Feature wise huniq is pretty much complete, but the performance and memory usage should be improved in the future.

This first of all involves a better benchmarking setup which will probably consist
of an extra rust application that will use RNGs to generate test data for huniq and
take parameters like the number of elements to create, the rate of duplicates (0-1)
the length of strings to output and so on…

Then based on the improved benchmarking capabilities, some optimizations should be tried
like short string optimization, arena allocation, different hash functions, using
memory optimized hash tables, using an identity function for the `uniq` function
(we already feed it with hashes, so a second round of hashing is not necessary).

## License

Copyright © (C) 2020, Karolin Varner. All rights reserved.

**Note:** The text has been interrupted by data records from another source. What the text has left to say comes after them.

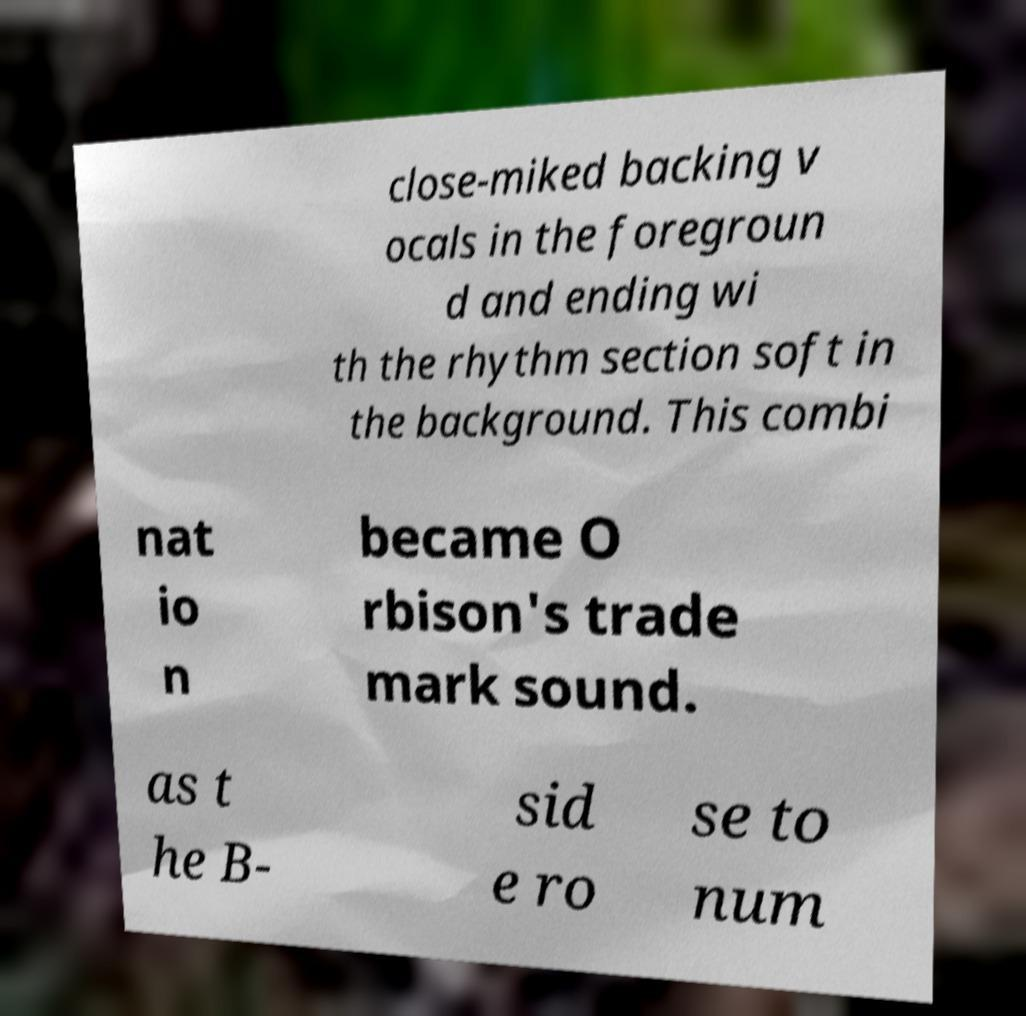For documentation purposes, I need the text within this image transcribed. Could you provide that? close-miked backing v ocals in the foregroun d and ending wi th the rhythm section soft in the background. This combi nat io n became O rbison's trade mark sound. as t he B- sid e ro se to num 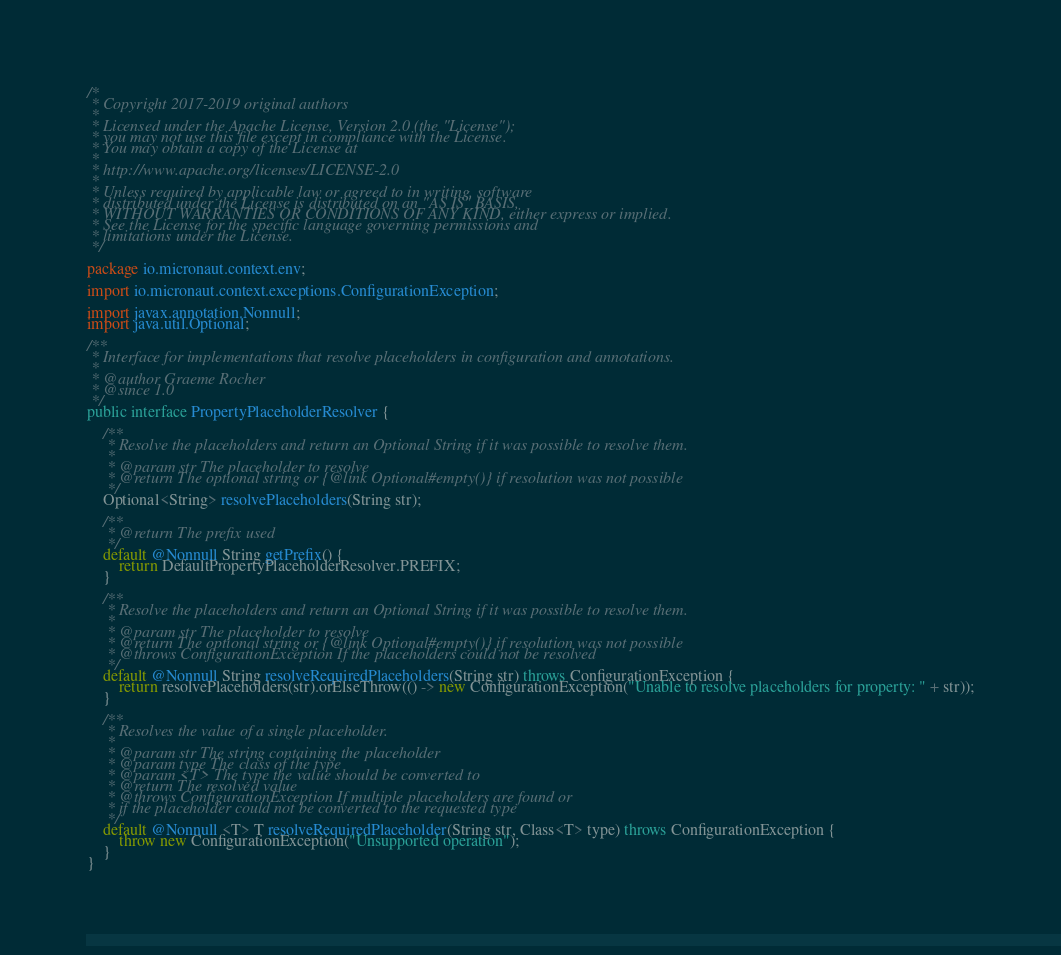<code> <loc_0><loc_0><loc_500><loc_500><_Java_>/*
 * Copyright 2017-2019 original authors
 *
 * Licensed under the Apache License, Version 2.0 (the "License");
 * you may not use this file except in compliance with the License.
 * You may obtain a copy of the License at
 *
 * http://www.apache.org/licenses/LICENSE-2.0
 *
 * Unless required by applicable law or agreed to in writing, software
 * distributed under the License is distributed on an "AS IS" BASIS,
 * WITHOUT WARRANTIES OR CONDITIONS OF ANY KIND, either express or implied.
 * See the License for the specific language governing permissions and
 * limitations under the License.
 */

package io.micronaut.context.env;

import io.micronaut.context.exceptions.ConfigurationException;

import javax.annotation.Nonnull;
import java.util.Optional;

/**
 * Interface for implementations that resolve placeholders in configuration and annotations.
 *
 * @author Graeme Rocher
 * @since 1.0
 */
public interface PropertyPlaceholderResolver {

    /**
     * Resolve the placeholders and return an Optional String if it was possible to resolve them.
     *
     * @param str The placeholder to resolve
     * @return The optional string or {@link Optional#empty()} if resolution was not possible
     */
    Optional<String> resolvePlaceholders(String str);

    /**
     * @return The prefix used
     */
    default @Nonnull String getPrefix() {
        return DefaultPropertyPlaceholderResolver.PREFIX;
    }

    /**
     * Resolve the placeholders and return an Optional String if it was possible to resolve them.
     *
     * @param str The placeholder to resolve
     * @return The optional string or {@link Optional#empty()} if resolution was not possible
     * @throws ConfigurationException If the placeholders could not be resolved
     */
    default @Nonnull String resolveRequiredPlaceholders(String str) throws ConfigurationException {
        return resolvePlaceholders(str).orElseThrow(() -> new ConfigurationException("Unable to resolve placeholders for property: " + str));
    }

    /**
     * Resolves the value of a single placeholder.
     *
     * @param str The string containing the placeholder
     * @param type The class of the type
     * @param <T> The type the value should be converted to
     * @return The resolved value
     * @throws ConfigurationException If multiple placeholders are found or
     * if the placeholder could not be converted to the requested type
     */
    default @Nonnull <T> T resolveRequiredPlaceholder(String str, Class<T> type) throws ConfigurationException {
        throw new ConfigurationException("Unsupported operation");
    }
}
</code>

Redistribution and use in source and binary forms, with or without modification, are permitted provided that the following conditions are met:

Redistributions of source code must retain the above copyright notice, this list of conditions and the following disclaimer.
Redistributions in binary form must reproduce the above copyright notice, this list of conditions and the following disclaimer in the documentation and/or other materials provided with the distribution.
Neither the name of the Karolin Varner nor the names of its contributors may be used to endorse or promote products derived from this software without specific prior written permission.

THIS SOFTWARE IS PROVIDED BY THE COPYRIGHT HOLDERS AND CONTRIBUTORS "AS IS" AND ANY EXPRESS OR IMPLIED WARRANTIES, INCLUDING, BUT NOT LIMITED TO, THE IMPLIED WARRANTIES OF MERCHANTABILITY AND FITNESS FOR A PARTICULAR PURPOSE ARE DISCLAIMED. IN NO EVENT SHALL Softwear, BV BE LIABLE FOR ANY DIRECT, INDIRECT, INCIDENTAL, SPECIAL, EXEMPLARY, OR CONSEQUENTIAL DAMAGES (INCLUDING, BUT NOT LIMITED TO, PROCUREMENT OF SUBSTITUTE GOODS OR SERVICES; LOSS OF USE, DATA, OR PROFITS; OR BUSINESS INTERRUPTION) HOWEVER CAUSED AND ON ANY THEORY OF LIABILITY, WHETHER IN CONTRACT, STRICT LIABILITY, OR TORT (INCLUDING NEGLIGENCE OR OTHERWISE) ARISING IN ANY WAY OUT OF THE USE OF THIS SOFTWARE, EVEN IF ADVISED OF THE POSSIBILITY OF SUCH DAMAGE.